Exercise requirements
What lines in the records below mention "object"? List them all.

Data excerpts
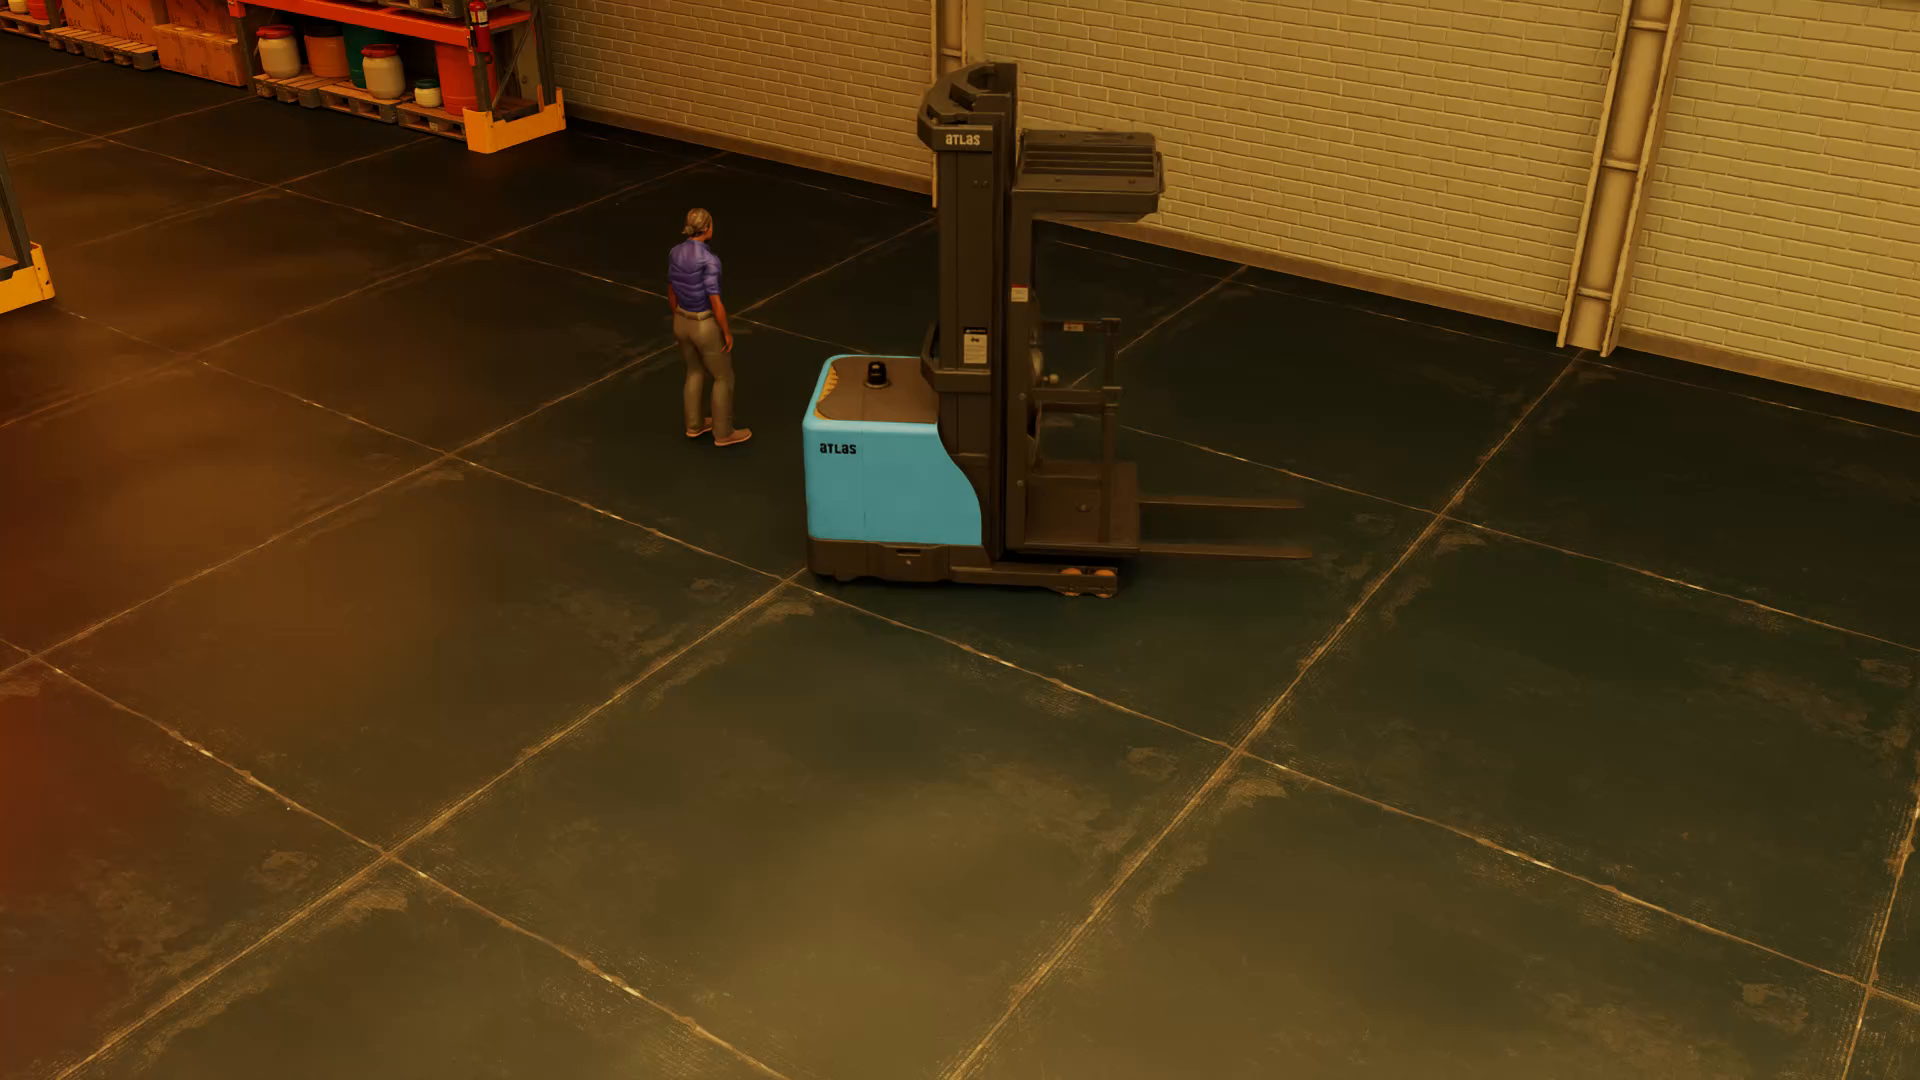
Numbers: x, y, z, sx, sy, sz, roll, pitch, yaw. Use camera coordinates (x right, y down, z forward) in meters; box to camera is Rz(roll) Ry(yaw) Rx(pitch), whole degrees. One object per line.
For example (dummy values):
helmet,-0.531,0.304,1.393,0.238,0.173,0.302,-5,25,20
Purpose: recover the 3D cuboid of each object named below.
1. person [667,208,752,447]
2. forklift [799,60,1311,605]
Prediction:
person,-1.752,-1.449,11.351,0.509,1.653,0.351,21,36,31
forklift,0.613,-1.174,9.604,3.031,2.935,1.130,5,30,8

Answer space
Numbers: x, y, z, sx, sy, sz, roll, pitch, yaw. Use camera coordinates (x right, y down, z forward) in meters; box to camera is Rz(roll) Ry(yaw) Rx(pitch), whole degrees. One object per line.
Purpose: recover the 3D cuboid of each object named below.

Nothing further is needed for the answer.